Supplementary Figure 2SkM of Spin1M5 mice is characterized by necrosis and structural defects in non-necrotic fibers. Electron microscopy (EM) images of SkM samples of Spin1M5 and control fetuses at E16.5. Dashed lines demarcate degenerating, necrotic fibers (I-II, bottom), arrowheads mark normal mitochondria (III, top), arrows point at defective mitochondria (III, bottom), 'M' marks normal M-lines (III, top), triangles point at aberrant M-lines (III, bottom), and asterisks indicate abnormal glycogen accumulation (IV, bottom).

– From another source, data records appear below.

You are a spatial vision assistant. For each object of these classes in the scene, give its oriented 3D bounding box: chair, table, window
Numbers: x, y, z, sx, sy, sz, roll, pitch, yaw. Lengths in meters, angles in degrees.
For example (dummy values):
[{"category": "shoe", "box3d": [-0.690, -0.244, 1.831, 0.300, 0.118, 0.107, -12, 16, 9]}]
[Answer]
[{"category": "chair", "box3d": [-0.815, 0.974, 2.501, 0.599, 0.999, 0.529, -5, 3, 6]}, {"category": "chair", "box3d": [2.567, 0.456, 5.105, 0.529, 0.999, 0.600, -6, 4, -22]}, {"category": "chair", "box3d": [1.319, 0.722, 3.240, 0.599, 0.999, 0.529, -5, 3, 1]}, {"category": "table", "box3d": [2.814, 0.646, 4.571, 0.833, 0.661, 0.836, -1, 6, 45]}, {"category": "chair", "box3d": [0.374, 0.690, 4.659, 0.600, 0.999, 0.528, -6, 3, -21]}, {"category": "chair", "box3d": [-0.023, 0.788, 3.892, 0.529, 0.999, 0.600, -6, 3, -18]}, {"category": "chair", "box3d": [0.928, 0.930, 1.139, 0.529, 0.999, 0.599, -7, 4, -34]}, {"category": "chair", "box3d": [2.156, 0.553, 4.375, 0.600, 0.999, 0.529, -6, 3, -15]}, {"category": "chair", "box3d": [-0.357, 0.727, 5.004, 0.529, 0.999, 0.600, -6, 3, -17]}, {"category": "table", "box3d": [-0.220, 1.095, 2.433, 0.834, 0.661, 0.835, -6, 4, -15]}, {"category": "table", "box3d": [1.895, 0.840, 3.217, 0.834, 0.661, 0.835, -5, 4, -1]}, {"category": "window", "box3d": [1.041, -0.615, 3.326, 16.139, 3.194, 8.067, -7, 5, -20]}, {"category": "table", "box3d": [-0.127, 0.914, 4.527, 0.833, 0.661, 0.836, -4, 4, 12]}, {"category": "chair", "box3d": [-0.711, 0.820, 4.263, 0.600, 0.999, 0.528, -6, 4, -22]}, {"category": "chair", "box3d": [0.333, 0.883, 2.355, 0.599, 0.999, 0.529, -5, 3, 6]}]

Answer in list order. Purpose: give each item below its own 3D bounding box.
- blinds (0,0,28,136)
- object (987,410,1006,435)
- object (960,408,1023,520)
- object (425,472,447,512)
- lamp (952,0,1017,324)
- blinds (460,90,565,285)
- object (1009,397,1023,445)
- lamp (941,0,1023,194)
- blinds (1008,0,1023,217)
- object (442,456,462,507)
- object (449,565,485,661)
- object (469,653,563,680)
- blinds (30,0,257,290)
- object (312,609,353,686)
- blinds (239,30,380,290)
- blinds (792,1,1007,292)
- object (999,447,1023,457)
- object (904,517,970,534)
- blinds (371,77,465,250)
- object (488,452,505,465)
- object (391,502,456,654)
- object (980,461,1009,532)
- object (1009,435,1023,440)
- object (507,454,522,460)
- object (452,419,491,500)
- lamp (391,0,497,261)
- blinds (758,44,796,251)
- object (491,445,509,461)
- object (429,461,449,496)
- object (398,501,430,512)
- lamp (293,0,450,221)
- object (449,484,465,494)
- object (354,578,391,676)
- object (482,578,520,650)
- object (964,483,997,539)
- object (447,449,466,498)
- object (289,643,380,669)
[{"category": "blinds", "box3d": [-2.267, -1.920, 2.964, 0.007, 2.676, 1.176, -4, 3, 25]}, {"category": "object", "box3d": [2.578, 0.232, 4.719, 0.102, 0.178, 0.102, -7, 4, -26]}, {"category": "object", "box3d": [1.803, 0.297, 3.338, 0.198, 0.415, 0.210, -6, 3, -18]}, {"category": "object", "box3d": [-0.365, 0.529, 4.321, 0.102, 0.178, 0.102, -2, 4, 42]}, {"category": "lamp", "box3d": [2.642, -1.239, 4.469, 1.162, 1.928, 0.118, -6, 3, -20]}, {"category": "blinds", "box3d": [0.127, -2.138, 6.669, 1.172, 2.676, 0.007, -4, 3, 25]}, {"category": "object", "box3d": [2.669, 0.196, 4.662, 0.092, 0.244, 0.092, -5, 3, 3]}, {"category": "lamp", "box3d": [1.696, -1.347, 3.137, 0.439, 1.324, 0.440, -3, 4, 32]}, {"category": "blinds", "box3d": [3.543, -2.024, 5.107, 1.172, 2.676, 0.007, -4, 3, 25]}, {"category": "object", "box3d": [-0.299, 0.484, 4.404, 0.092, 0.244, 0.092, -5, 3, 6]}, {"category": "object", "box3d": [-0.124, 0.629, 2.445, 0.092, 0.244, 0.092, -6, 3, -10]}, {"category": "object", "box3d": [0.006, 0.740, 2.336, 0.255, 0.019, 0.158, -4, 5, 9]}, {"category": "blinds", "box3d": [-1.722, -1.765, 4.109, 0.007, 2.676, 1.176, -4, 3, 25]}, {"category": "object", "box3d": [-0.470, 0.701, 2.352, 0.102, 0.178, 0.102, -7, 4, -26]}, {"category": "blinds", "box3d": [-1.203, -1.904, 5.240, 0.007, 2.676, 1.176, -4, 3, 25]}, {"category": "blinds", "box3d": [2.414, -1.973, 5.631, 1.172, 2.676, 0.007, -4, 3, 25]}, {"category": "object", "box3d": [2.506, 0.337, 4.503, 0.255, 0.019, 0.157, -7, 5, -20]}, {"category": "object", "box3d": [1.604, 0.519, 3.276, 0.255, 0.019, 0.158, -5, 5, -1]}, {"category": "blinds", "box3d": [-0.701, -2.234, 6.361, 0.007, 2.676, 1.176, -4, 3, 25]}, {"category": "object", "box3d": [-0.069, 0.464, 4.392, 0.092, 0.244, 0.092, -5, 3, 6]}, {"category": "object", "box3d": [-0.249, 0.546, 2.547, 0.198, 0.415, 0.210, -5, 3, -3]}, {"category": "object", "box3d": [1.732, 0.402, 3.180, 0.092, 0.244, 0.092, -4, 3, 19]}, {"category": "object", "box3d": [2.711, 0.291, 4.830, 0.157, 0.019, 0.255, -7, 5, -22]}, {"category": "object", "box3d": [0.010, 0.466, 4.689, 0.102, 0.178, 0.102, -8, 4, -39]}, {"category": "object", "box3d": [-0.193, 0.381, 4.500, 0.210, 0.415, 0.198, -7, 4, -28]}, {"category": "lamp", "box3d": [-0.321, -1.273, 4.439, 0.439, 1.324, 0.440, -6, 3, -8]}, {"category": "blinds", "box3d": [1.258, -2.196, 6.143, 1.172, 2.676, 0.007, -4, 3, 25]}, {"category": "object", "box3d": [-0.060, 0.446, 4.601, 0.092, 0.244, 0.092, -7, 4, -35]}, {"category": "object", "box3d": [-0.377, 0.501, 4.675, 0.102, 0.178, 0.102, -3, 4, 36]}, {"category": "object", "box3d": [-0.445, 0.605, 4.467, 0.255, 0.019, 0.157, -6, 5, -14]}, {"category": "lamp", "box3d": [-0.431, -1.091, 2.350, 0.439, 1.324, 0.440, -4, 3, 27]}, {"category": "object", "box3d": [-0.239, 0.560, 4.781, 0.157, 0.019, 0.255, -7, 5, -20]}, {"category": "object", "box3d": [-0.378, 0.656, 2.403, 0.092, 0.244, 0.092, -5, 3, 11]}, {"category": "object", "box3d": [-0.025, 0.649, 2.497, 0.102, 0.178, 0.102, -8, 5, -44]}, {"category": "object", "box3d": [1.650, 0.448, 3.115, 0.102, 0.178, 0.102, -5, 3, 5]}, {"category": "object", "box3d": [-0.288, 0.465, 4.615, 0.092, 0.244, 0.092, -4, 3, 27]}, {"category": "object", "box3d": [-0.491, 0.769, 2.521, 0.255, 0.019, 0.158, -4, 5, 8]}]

Supplementary Figure 3Transcriptome and histological analyses provide evidence for aberrant fetal myogenesis in Spin1M5 mice. (a) Detection of Ankrd1 or Ankrd2 (green) by immunofluorescence (IF) staining in transversal hind limb sections of Spin1M5 and control fetuses at E15. Muscle fibers and nuclei were visualized with MHC antibody (red) and DAPI (blue), respectively. (b) Immunofluorescence staining of Ankrd2 (green) in control fetuses at E15. IgG served as background control. (c, d) Phenotype (c) and pathway (d) analysis for the set of 2042 genes differentially expressed in control fetuses at E15.5 and E16.5. The number of genes in each category is indicated.

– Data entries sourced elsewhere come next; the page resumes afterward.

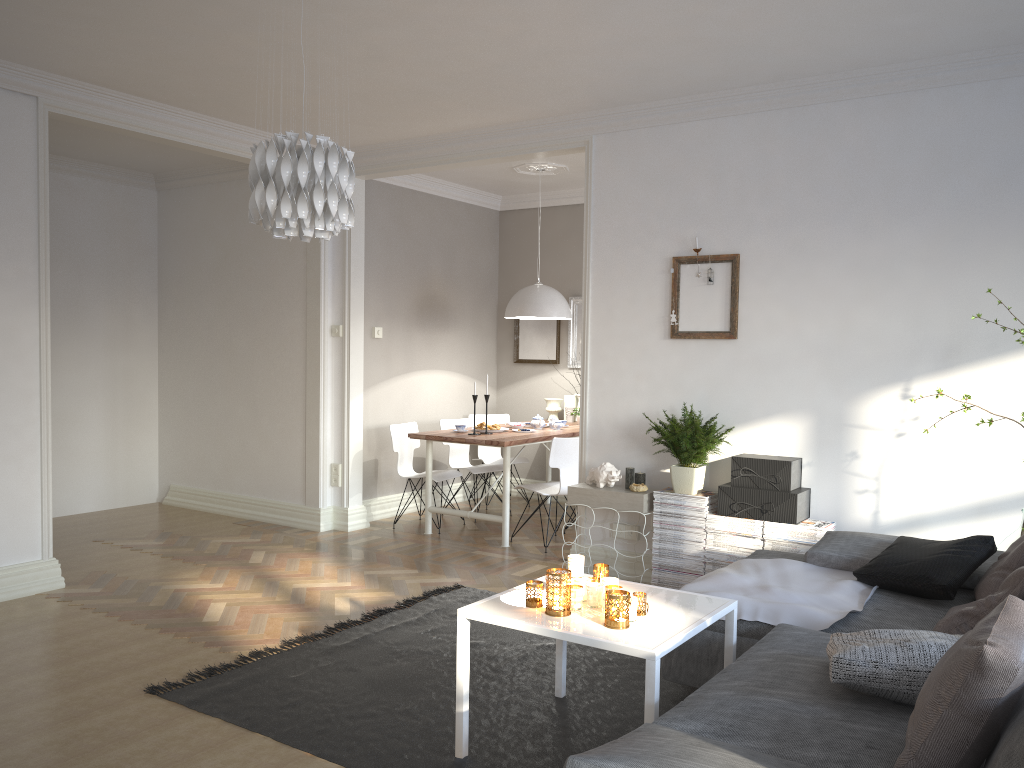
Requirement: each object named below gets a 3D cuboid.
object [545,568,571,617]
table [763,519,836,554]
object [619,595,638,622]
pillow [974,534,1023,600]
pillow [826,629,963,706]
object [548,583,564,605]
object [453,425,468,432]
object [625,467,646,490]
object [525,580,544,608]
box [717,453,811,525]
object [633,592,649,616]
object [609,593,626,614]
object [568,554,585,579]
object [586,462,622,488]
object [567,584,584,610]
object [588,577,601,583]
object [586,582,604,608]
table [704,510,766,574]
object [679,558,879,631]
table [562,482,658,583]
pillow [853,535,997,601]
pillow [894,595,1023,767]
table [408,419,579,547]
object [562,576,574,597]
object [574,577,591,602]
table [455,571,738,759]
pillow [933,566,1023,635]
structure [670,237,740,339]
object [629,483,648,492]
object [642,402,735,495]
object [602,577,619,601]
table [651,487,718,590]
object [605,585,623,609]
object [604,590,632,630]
[{"bbox_3d":[0.150,0.681,2.902,0.090,0.140,0.086,1,3,4],"label":"object"},{"bbox_3d":[1.487,0.963,4.607,0.327,0.499,0.246,3,3,34],"label":"table"},{"bbox_3d":[0.373,0.720,2.842,0.060,0.073,0.060,1,3,-4],"label":"object"},{"bbox_3d":[1.881,0.679,3.255,0.324,0.403,0.429,2,3,21],"label":"pillow"},{"bbox_3d":[1.075,0.769,2.431,0.406,0.194,0.404,2,2,20],"label":"pillow"},{"bbox_3d":[0.145,0.712,2.977,0.060,0.073,0.060,2,3,23],"label":"object"},{"bbox_3d":[-0.380,0.331,6.616,0.116,0.056,0.137,0,2,-26],"label":"object"},{"bbox_3d":[0.712,0.539,5.124,0.123,0.134,0.062,0,3,-15],"label":"object"},{"bbox_3d":[0.075,0.707,2.985,0.060,0.079,0.060,2,3,24],"label":"object"},{"bbox_3d":[1.328,0.549,4.695,0.419,0.316,0.298,3,3,34],"label":"box"},{"bbox_3d":[0.422,0.722,2.912,0.054,0.068,0.047,1,3,-6],"label":"object"},{"bbox_3d":[0.344,0.718,2.903,0.060,0.073,0.060,-1,3,-31],"label":"object"},{"bbox_3d":[0.223,0.636,3.087,0.060,0.073,0.060,-1,3,-40],"label":"object"},{"bbox_3d":[0.537,0.527,5.168,0.137,0.150,0.310,0,3,-26],"label":"object"},{"bbox_3d":[0.209,0.713,2.963,0.060,0.073,0.060,2,3,23],"label":"object"},{"bbox_3d":[0.288,0.716,3.128,0.052,0.058,0.050,1,3,3],"label":"object"},{"bbox_3d":[0.279,0.713,2.994,0.060,0.073,0.060,1,3,-10],"label":"object"},{"bbox_3d":[1.226,0.952,4.782,0.327,0.499,0.246,3,3,34],"label":"table"},{"bbox_3d":[1.064,0.994,3.584,0.725,0.437,0.811,2,3,32],"label":"object"},{"bbox_3d":[0.592,0.890,5.161,0.553,0.576,0.298,3,3,35],"label":"table"},{"bbox_3d":[1.638,0.712,3.527,0.401,0.248,0.421,-1,3,-36],"label":"pillow"},{"bbox_3d":[0.987,0.678,1.925,0.242,0.390,0.426,3,3,34],"label":"pillow"},{"bbox_3d":[0.144,0.728,7.051,0.852,0.751,1.985,3,3,34],"label":"table"},{"bbox_3d":[0.204,0.707,3.118,0.060,0.073,0.060,2,3,14],"label":"object"},{"bbox_3d":[0.243,0.710,3.063,0.060,0.073,0.060,2,3,14],"label":"object"},{"bbox_3d":[0.299,1.001,3.026,0.715,0.505,0.674,3,3,34],"label":"table"},{"bbox_3d":[1.613,0.715,2.959,0.337,0.311,0.414,3,3,39],"label":"pillow"},{"bbox_3d":[1.077,-0.541,4.981,0.398,0.575,0.053,3,3,31],"label":"structure"},{"bbox_3d":[0.719,0.587,5.024,0.099,0.046,0.104,1,2,-10],"label":"object"},{"bbox_3d":[0.960,0.361,4.895,0.438,0.527,0.368,3,3,34],"label":"object"},{"bbox_3d":[0.340,0.711,3.070,0.060,0.073,0.060,-1,3,-31],"label":"object"},{"bbox_3d":[0.971,0.893,4.951,0.321,0.597,0.246,3,3,34],"label":"table"},{"bbox_3d":[0.340,0.715,2.968,0.060,0.073,0.060,-1,3,-31],"label":"object"},{"bbox_3d":[0.330,0.706,2.781,0.080,0.104,0.080,2,3,24],"label":"object"}]
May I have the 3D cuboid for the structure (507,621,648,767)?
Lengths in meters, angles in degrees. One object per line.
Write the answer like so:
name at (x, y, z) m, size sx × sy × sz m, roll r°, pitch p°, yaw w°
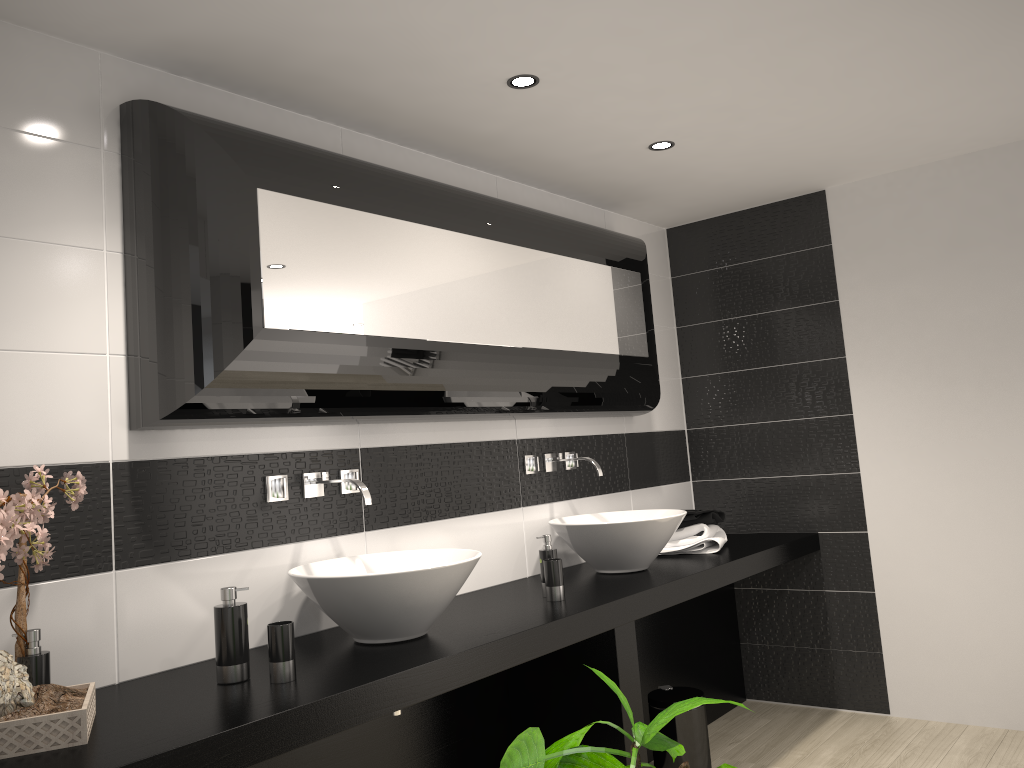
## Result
structure at (0.219, 1.191, 3.002) m, size 0.463 × 0.765 × 0.126 m, roll -9°, pitch -8°, yaw 38°

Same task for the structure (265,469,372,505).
structure at (-0.525, 0.319, 2.722) m, size 0.258 × 0.108 × 0.367 m, roll -8°, pitch -6°, yaw 38°

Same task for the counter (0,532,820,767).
counter at (0.061, 0.780, 3.040) m, size 0.653 × 0.084 × 3.842 m, roll -8°, pitch -6°, yaw 38°

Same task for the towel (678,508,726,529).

Supplementary Figure 4Deregulated basic helix-loop-helix transcription factor networks account for SkM defects in Spin1M5 fetuses. (a) Genome-wide distribution of 17106 Spin1 or 30763 H3K4me3 peaks observed in primary myoblasts by ChIP-seq. (b) ChIP-seq tracks for selected E16.5 DEGs. Spin1 (green) and H3K4me3 (blue) tracks were obtained by ChIP-seq analysis of primary myoblasts, Myod1 (red) tracks were obtained by analysis of previously deposited ChIP-seq data for C2C12 myoblasts (GEO dataset GSE36024). Identified peaks and promoters (TSS +/- 1 kb) are indicated by bars. E16.5 DEGs without Spin1, H3K4me3, or Myod1 promoter occupancy served as control (Ctrl).

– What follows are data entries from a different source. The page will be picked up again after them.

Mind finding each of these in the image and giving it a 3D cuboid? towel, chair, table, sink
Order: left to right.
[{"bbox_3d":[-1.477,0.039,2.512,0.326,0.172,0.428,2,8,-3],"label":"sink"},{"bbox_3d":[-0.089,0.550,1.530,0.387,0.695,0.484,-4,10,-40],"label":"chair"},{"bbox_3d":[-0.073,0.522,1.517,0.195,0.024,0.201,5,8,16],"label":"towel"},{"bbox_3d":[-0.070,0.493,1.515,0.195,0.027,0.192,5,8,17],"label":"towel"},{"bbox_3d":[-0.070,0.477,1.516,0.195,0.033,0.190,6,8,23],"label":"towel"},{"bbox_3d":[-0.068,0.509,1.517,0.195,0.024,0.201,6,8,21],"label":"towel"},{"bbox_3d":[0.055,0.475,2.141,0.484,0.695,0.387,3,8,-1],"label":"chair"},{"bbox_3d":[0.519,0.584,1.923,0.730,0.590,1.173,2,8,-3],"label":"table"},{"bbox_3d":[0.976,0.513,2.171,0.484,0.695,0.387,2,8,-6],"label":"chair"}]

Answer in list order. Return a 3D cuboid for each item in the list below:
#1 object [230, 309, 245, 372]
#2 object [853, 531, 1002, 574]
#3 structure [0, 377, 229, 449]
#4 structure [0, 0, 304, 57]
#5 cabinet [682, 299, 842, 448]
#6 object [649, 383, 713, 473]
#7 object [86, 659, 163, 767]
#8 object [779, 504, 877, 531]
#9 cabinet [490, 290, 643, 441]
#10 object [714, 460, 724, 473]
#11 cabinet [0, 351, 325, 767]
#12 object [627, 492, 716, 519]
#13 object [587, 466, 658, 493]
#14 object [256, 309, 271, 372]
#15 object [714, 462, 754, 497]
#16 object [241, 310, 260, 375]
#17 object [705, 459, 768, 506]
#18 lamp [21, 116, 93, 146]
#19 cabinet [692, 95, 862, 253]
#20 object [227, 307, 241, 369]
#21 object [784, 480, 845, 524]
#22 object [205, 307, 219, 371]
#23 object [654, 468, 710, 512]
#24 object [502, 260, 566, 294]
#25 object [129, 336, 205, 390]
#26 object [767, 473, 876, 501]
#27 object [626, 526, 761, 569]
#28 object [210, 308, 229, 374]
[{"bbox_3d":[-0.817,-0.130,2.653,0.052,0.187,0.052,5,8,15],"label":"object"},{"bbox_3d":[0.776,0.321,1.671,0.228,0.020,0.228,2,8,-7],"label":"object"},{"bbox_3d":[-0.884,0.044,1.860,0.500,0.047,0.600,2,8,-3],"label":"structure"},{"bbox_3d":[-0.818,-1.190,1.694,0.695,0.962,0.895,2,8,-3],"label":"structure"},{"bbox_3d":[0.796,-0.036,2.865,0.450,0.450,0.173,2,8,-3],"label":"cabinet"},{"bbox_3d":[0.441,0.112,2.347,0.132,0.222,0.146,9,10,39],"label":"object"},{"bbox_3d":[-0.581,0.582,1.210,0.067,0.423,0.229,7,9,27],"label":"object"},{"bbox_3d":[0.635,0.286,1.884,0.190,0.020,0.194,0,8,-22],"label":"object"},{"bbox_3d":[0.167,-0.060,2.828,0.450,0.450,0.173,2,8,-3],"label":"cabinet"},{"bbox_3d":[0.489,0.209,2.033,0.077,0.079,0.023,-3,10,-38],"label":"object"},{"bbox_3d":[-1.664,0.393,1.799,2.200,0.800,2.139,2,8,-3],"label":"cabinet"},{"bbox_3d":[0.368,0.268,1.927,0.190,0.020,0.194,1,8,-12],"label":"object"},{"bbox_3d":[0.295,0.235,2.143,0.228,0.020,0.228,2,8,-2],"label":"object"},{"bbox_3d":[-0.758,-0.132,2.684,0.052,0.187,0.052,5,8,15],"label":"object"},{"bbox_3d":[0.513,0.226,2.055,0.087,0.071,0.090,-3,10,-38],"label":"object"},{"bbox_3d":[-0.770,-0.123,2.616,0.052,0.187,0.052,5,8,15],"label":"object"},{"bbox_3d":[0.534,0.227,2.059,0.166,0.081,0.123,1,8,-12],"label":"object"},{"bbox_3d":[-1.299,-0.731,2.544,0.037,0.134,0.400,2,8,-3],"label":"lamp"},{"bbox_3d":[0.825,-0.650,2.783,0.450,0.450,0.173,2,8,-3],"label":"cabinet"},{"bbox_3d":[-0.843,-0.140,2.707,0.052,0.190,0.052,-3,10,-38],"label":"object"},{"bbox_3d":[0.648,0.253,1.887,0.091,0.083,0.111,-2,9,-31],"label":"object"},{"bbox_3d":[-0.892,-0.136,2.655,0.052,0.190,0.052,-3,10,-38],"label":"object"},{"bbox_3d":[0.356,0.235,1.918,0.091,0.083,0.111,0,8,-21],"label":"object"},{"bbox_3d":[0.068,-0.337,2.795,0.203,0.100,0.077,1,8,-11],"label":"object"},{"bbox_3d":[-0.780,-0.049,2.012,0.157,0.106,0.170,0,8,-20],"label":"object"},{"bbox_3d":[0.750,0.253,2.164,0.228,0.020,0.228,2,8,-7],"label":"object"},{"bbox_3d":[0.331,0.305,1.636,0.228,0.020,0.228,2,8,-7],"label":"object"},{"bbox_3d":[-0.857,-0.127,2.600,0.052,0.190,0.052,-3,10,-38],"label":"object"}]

Supplementary Figure 5Surviving Spin1M5 mice exhibit major defects in soleus, tibialis anterior, and diaphragm. (a) Mass of hind limb muscles [gastrocnemius (GC), plantaris (PL), tibialis anterior (TA), extensor digitorumlongus (EDL), and quadriceps (QC)] of Spin1M5 and control mice at 30 weeks of age [n = 4 animals (muscles of left and right hind limb) in each category]. Error bars represent +SD, ***p< 0.001. (b) Numbers of fibers in TA (n = 3 Ctrl and n = 5 Spin1M5 females) and EDL (n = 4 Ctrl and n = 5 Spin1M5 females) at 30 weeks of age. Error bars represent +SD, ***p< 0.001 (c) Hematoxylin & eosin (H&E) staining of the diaphragm (DP) of Spin1M5 and control mice at 15 weeks of age. (d) Gomori (Gom) staining of gastrocnemius, soleus, TA, and EDL of Spin1M5 and control mice at 30 weeks of age. Blue staining indicates fibrosis. (e) Fiber types in soleus, plantaris, and TA of Spin1M5 and control mice at 15 weeks of age observed by immunofluorescence staining (IF) (top and middle rows). Tissue sections were stained with selective antibody directed against MHC-I (purple), MHC-IIb (cyan), MHC-IIa (red), and MHC-IIx (green) and images recorded by confocal microscopy. For comparison, NADH staining was included (bottom row). Fibers with abnormal NADH staining are marked with arrows. Corresponding fibers in each column of images are squared.

Supplementary Table 1Differential gene expression in Spin1M5 and control mice. (a, b, d) Genes differentially expressed in SkM of Spin1M5 and control fetuses at E15.5 (a) and E16.5 (b) or in TA of Spin1M5 and control mice at P21 (d). (c) Genes differentially expressed in SkM of control fetuses at E16.5 and E15.5. (e) Average normalized reads at exons 1 to 6 of the Spin1 gene in SkM of Spin1M5 and control mice at P21, E16.5, and E15.5. Spin1depletion is characterized by a significant reduction of reads at the targeted exon 4 (highlighted in green). (FC, fold change; FDR, false discovery rate).